Il mio cambiamento era lento, ma continuo ed era passato tempo, quando, un giorno, le mani gentili di Ragazzoconlafacciasimpatica mi hanno ripreso ed ho sentito che diceva: “Mamma, controlliamo come sta il seme!”
Il seme????? Allora io sono questo, un seme, ho pensato.
Quando hanno visto le cose che mi stavano crescendo, mi hanno messo in un bel vasetto trasparente pieno di acqua… Bellissimo!!! Finalmente potevo vedere tutto intorno a me, ascoltare ed imparare.
Stavo bene con le cose là sotto che dondolavano nell’acqua fresca, ma un giorno ho cominciato a sentirmi di nuovo strano e, ad un certo punto… Crack… di nuovo.

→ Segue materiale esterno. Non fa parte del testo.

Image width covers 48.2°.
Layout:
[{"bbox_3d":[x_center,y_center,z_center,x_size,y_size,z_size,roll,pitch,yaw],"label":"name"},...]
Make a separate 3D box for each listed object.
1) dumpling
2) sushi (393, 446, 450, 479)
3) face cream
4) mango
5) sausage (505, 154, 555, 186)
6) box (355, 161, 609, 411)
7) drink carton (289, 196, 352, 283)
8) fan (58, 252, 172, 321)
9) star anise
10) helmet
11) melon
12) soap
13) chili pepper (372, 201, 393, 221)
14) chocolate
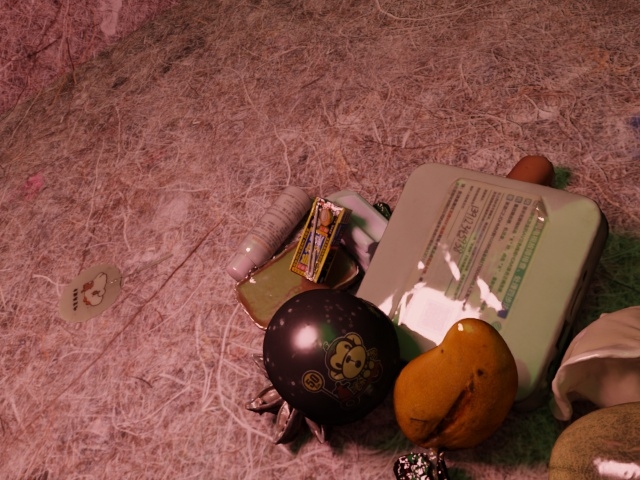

La piccola crepa che si era formata sopra di me, si aprì totalmente e, piano, piano, qualcosa ha cominciato a spuntare anche dalla mia “testa”
Ragazzoconlafacciasimpatica quando si è accorto di quello che stava accadendo, ha sorriso dicendo: “Mamma, è nata la Piantina, vieni a vedere che bella!”
Allora non sono solo un coso tondo, inutile ed insignificante, mi stavo trasformando, era come una magia, mi sono commosso.
Più passava il tempo e più Piantina cresceva sopra la mia testa e crescevano anche quelle cose sotto che, avevo scoperto, si chiamavano Radici e da lì bevevo e mi dissetavo e più bevevo più Piantina cresceva rigogliosa e verde e tutti, vedendola, facevano i complimenti ed erano orgogliosi di me.
Tempo dopo mi misero di nuovo al buio, nella terra, ma ora era diverso, non avevo più paura perchè avevo capito che il cambiamento spesso serve per dare vita a cose migliori e la cosa più bella che avevo compreso era che dentro di me avevo già tutto, dall’inizio; tutto quello che serviva al mio scopo dovevo cercarlo solo dentro di me perché era già tutto lì.
Non potevo più vedere Piantina, ma la sentivo crescere vigorosa, forte, alta metri e metri, finché, altra magia, sui suoi rami stavano crescendo bellissimi “contenitori” come quello che conteneva me, all’inizio, e che ora sapevo si chiamavano Avocado ed in ognuno di loro c’era un Nonsochisono, anzi, un seme, tondo e perfetto e pensando al miracolo che ognuno di loro, di noi, contiene, felice, sorrisi.